Personal information
- Native name: טדי ולוק
- Full name: Theodore Samuel Pritzker Vlock
- Nationality: American & Israeli
- Citizenship: United States, Israel
- Born: 14 January 1998 (age 27) New Haven, CT United States
- Education: Yale University
- Occupation: Real Estate Developer
- Height: 5 ft 8 in (173 cm)^{[citation needed]}
- Website: www.trdevelop.com

Sport
- Sport: Show jumping

= Teddy Vlock =

Israeli-American equestrian

Teddy Vlock (טדי ולוק; born 14 January 1998) is former professional equestrian representing Israel and the United States of America.

==2020 Tokyo Olympics==
Vlock, was one of four riders representing Israel in its Olympic equestrian debut, competing as part of the jumping team and as a jumping individual. He finished 42nd of 73 competitors in the Individual Jumping Competition with his horse Amsterdam 27, an 11-year-old Holsteiner gelding.

==Personal life==
Vlock graduated from Hopkins School in New Haven in 2016. After spending a year competing at the international level of showjumping, he studied at Yale University, where he graduated with a Bachelors of Science of Psychology.

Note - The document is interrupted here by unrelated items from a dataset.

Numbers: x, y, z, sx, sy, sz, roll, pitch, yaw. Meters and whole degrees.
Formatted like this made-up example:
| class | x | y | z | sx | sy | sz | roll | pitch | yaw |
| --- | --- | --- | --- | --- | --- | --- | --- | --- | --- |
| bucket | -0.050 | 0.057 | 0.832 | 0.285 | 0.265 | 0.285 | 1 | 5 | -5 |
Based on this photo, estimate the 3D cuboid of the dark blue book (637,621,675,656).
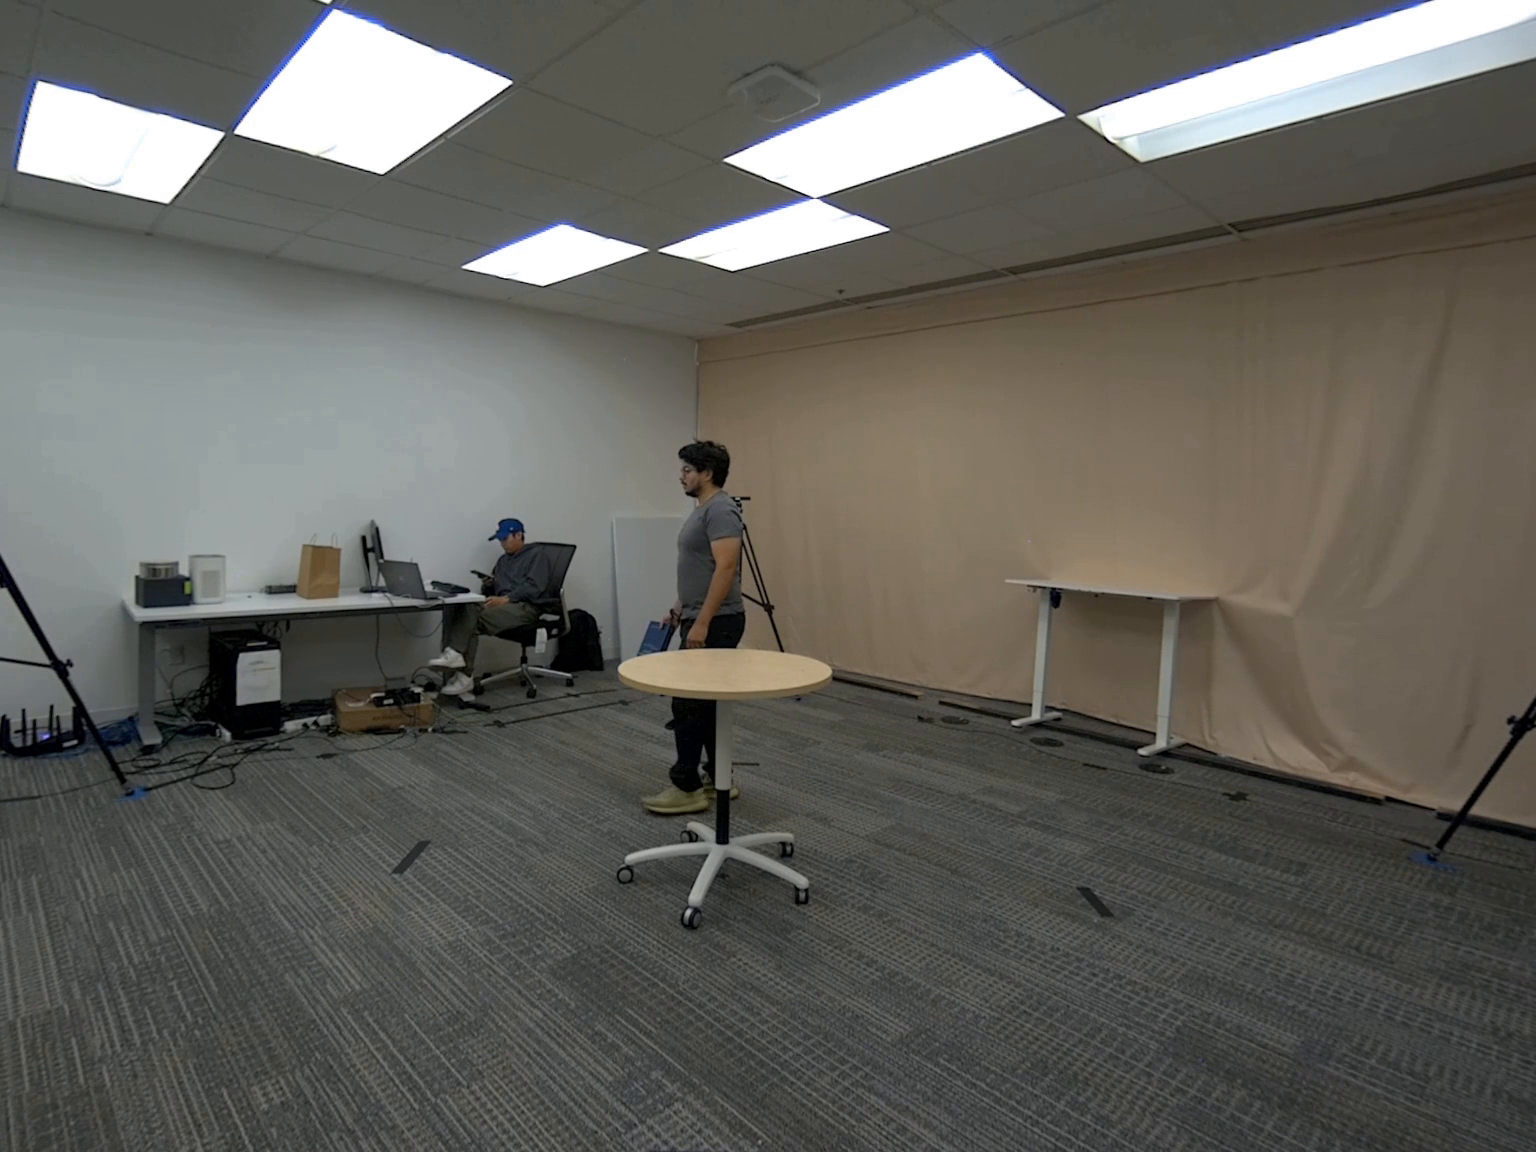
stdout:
| class | x | y | z | sx | sy | sz | roll | pitch | yaw |
| --- | --- | --- | --- | --- | --- | --- | --- | --- | --- |
| dark blue book | -0.576 | 0.349 | 4.186 | 0.167 | 0.247 | 0.044 | 3 | -20 | 45 |

While competing at the Winter Equestrian Festival, in Wellington FL, he co-founded T&R Development, a real estate firm with holdings of more than $100 million. In addition to their primary focus of single-family development, T&R operates a property management company, a multi-family portfolio, and consults on equestrian developments.

Vlock is the son of the business woman Karen Pritzker.

Vlock has been riding horses since approximately 2012. He trains with Irish international show jumper Darragh Kenny. As of July 2022, Vlock has not competed in the sport of showjumping since the Tokyo Olympic Games in August 2021.